J'apprécie la complicité qui s'est naturellement installée entre Marissa et moi. Travailler à ses côtés est une chance dont je suis très reconnaissante.

Parvenue jusqu'au coffre de la voiture, je ne peux contenir une exclamation de surprise. Elle a littéralement dévalisé le rayon animalerie ! Il va me falloir un sacré moment pour tout débarrasser, mais ce n'est pas grave, ça me fait plaisir de pouvoir lui rendre ce service.

Au fur et à mesure que je rentre les affaires, Marissa les entrepose dans la réserve. Tout au fond de cette pièce, il y a une porte qui mène à un escalier, lequel conduit à son appartement situé juste au-dessus du magasin.

Une fois le coffre vide, il est presque treize heures. Marissa décide de fermer pour que nous puissions installer le chiot chez elle. L'appartement dans lequel elle m'invite à entrer est assez ancien, meublé avec du mobilier foncé et tapissé par de vieux papiers peints aux couleurs criardes. L'espace est parfaitement ordonné, il y règne une propreté à faire rougir une fée du logis. Pas un grain de poussière ne traîne, pas une tâche ne macule le sol. L'arrivée du chiot risque d'apporter quelques bouleversements.

Marissa me verse le thé qu'elle a préparé pendant que nous montions les affaires et nous nous installons à la table de la cuisine. Comme je sens qu'elle a envie de discuter, je décide de lancer la conversation sur la chienne.

— Alors, que t'a-t-elle rappelé de ton passé ? demandé-je en désignant la boule de poils beige.

La grand-mère de Lorenzo sourit en contemplant ses mains qu'elle a croisées devant elle. Dans ses yeux, je vois son esprit remonter le temps, exactement comme le ferait le retourneurd'Hermione dans Harry Potter.
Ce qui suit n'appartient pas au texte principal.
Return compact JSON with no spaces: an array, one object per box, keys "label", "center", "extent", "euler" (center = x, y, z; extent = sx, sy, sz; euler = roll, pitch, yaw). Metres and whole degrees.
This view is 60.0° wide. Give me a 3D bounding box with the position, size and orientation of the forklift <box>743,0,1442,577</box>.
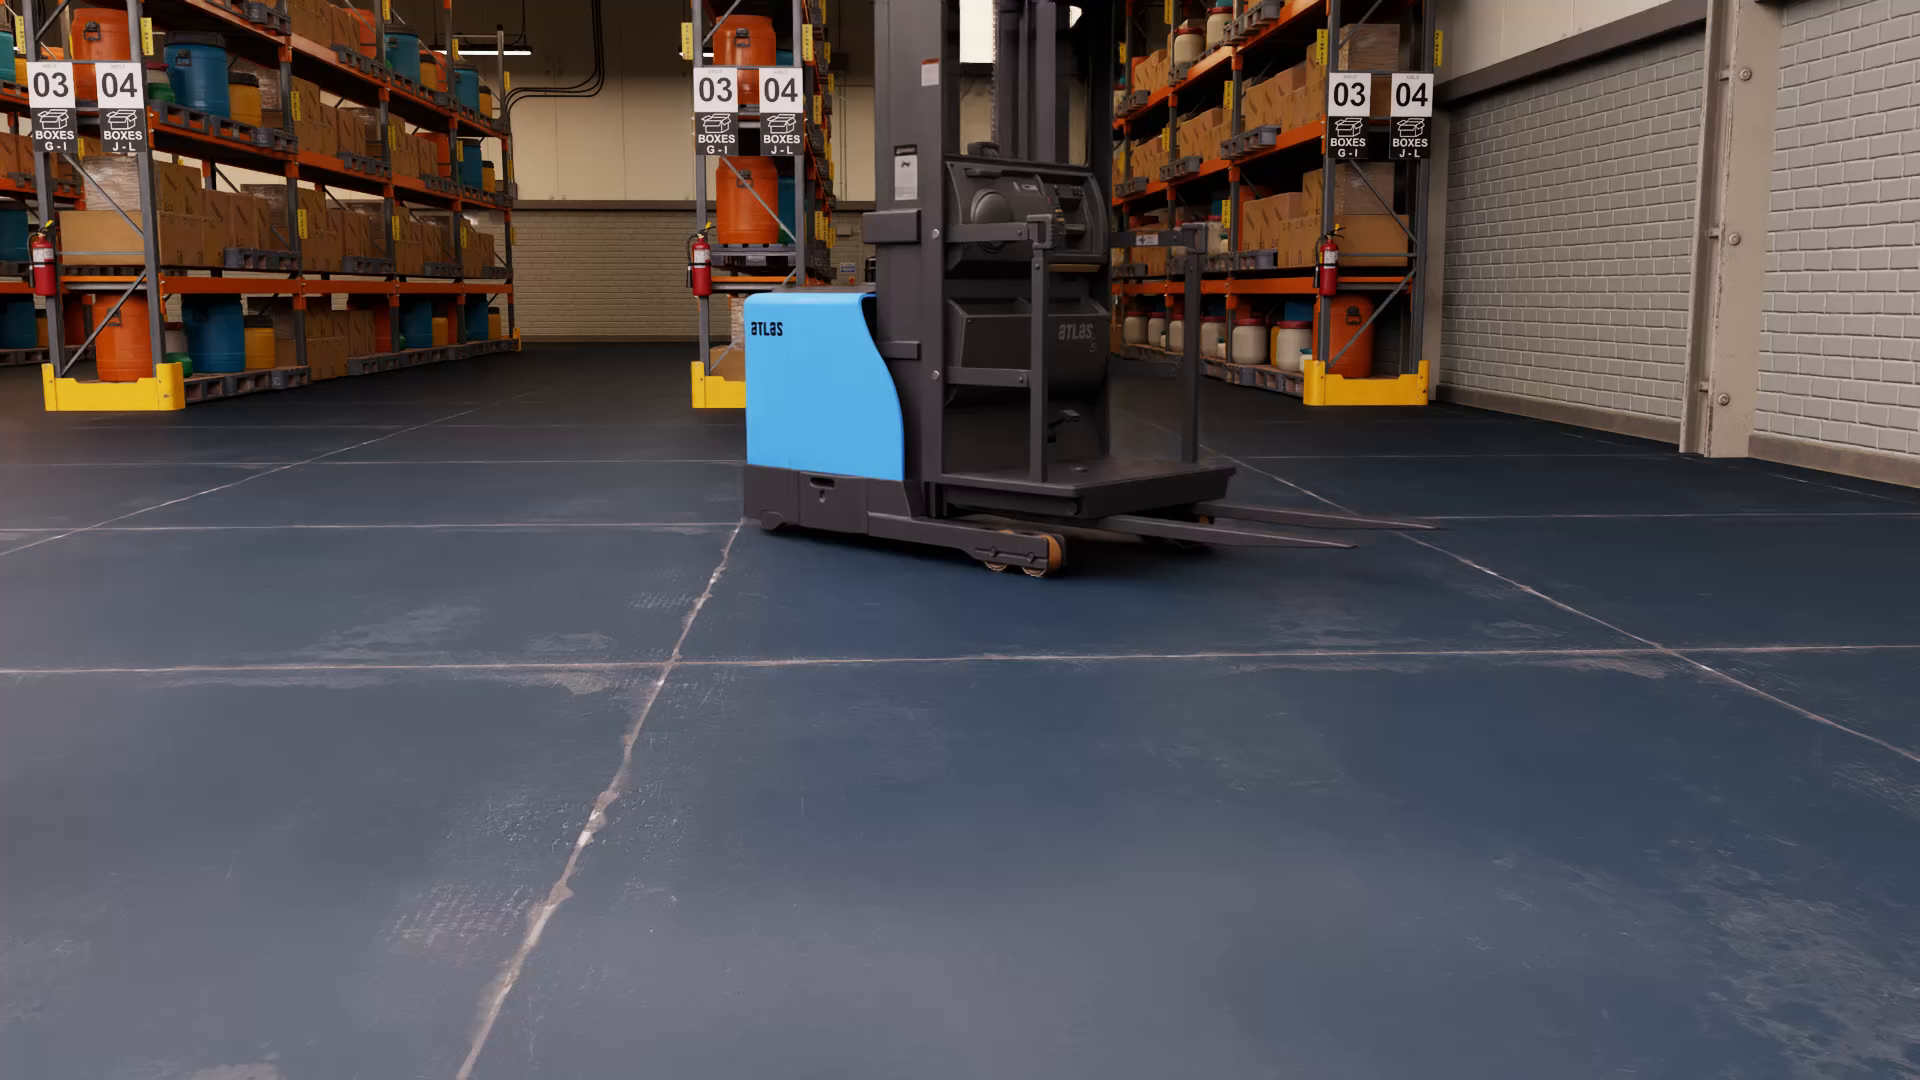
[{"label":"forklift","center":[0.442,-1.393,6.714],"extent":[3.031,2.935,1.130],"euler":[8,11,42]}]
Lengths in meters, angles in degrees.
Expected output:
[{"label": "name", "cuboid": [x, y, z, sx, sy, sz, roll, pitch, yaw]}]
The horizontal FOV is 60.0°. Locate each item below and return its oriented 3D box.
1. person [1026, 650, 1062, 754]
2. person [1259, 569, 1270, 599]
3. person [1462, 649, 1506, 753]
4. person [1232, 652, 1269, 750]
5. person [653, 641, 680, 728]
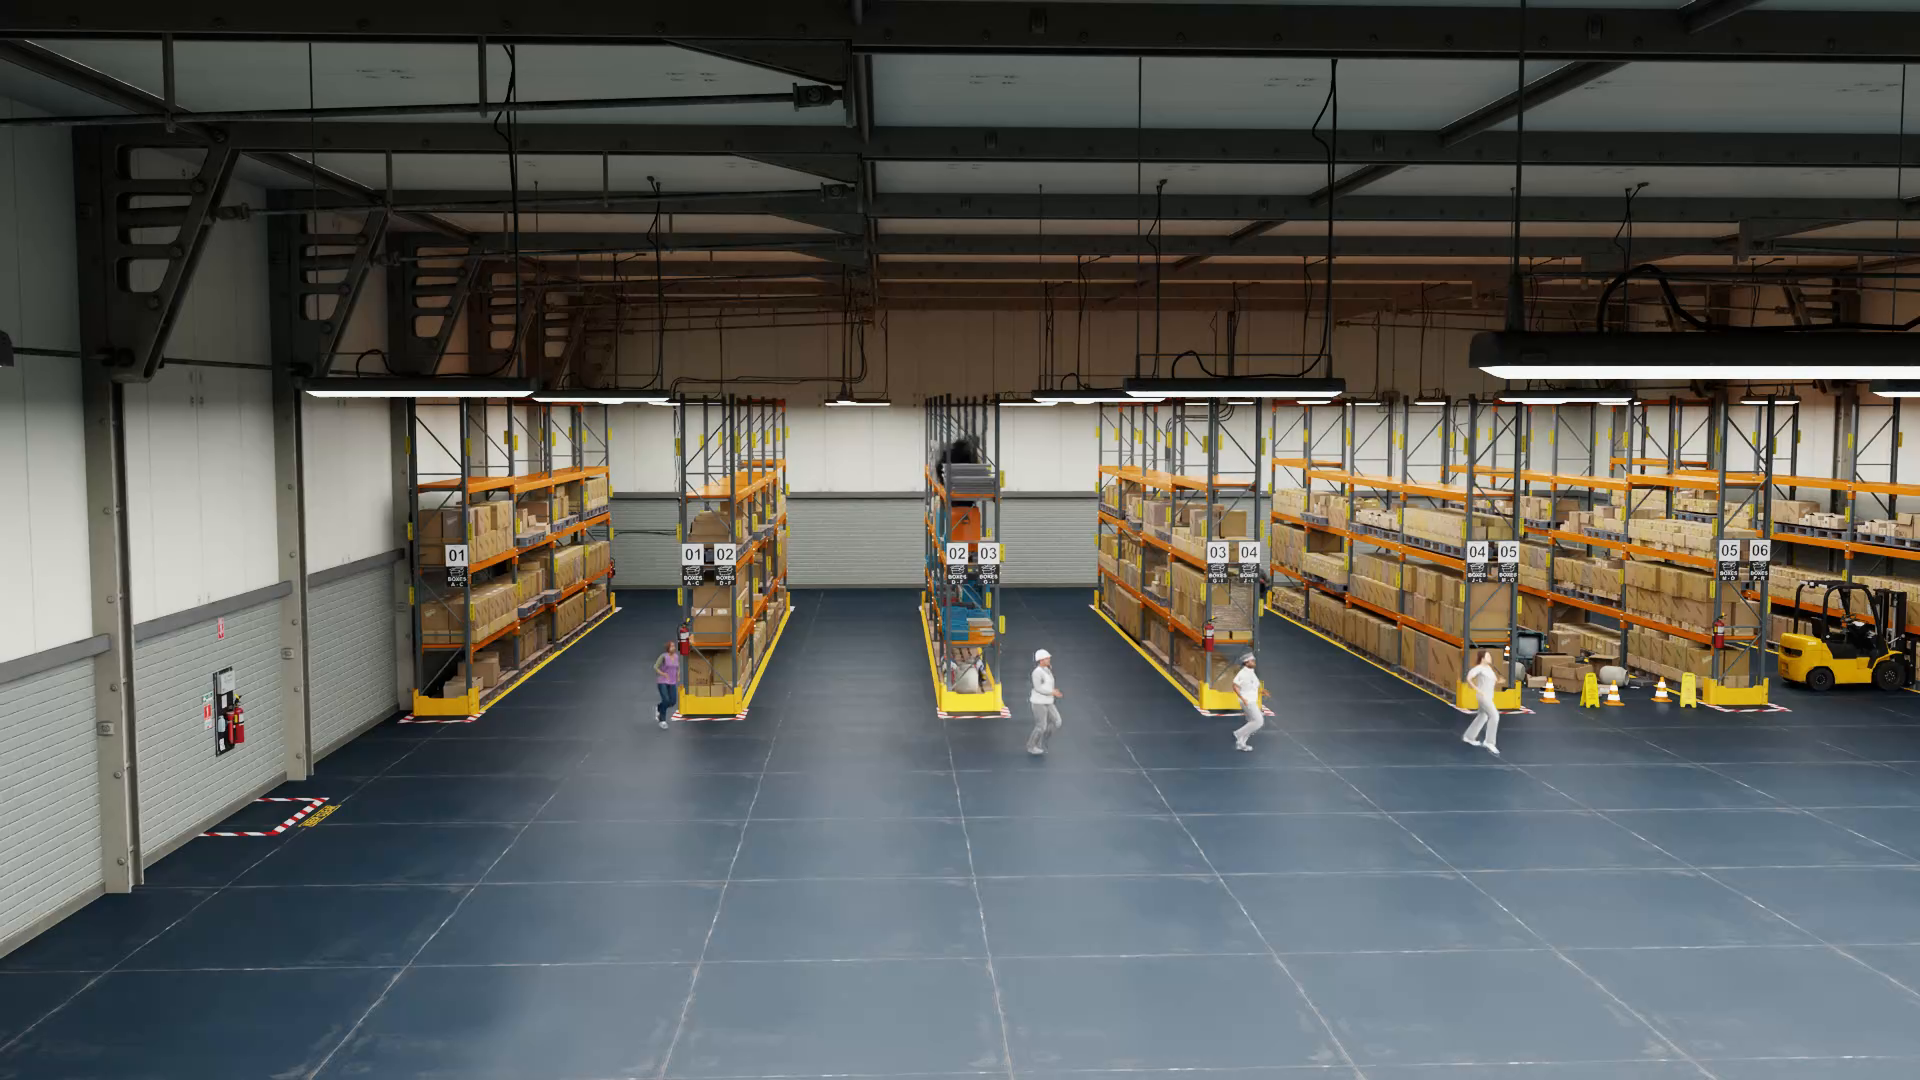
[{"label": "person", "cuboid": [1.415, 2.679, 27.438, 0.648, 1.756, 0.678, 2, 5, 25]}, {"label": "person", "cuboid": [7.831, 1.405, 43.808, 0.638, 1.758, 0.871, 0, 5, 4]}, {"label": "person", "cuboid": [8.771, 2.688, 27.844, 0.712, 1.723, 0.546, 3, 5, 33]}, {"label": "person", "cuboid": [4.874, 2.695, 27.773, 0.562, 1.654, 0.574, 2, 5, 23]}, {"label": "person", "cuboid": [-5.282, 2.591, 30.048, 0.568, 1.549, 0.588, -4, 6, -40]}]

— Une époque de mon existence dans laquelle j'étais heureuse. Tu sais, si ma famille me rend souvent visite et que mon commerce me fait côtoyer beaucoup de gens au quotidien, il n'en demeure pas moins que je suis seule.

« À mon âge, il n'y a plus de rêves à réaliser, plus de buts à atteindre. Et mon temps, je l'écoule à me remémorer le passé.

Marissa marque une pause, le temps de reprendre ses esprits et d'organiser ses pensées. À cet instant, son désespoir m'est presque palpable. La peine de vivre dans un appartement vide, de manger seule le soir, de se coucher dans un grand lit froid. Le besoin de casser cette monotonie, cette routine et cette lassitude, revenir dans le monde des vivants. J'ai l'impression de tout ressentir comme si ses sentiments m'appartenaient.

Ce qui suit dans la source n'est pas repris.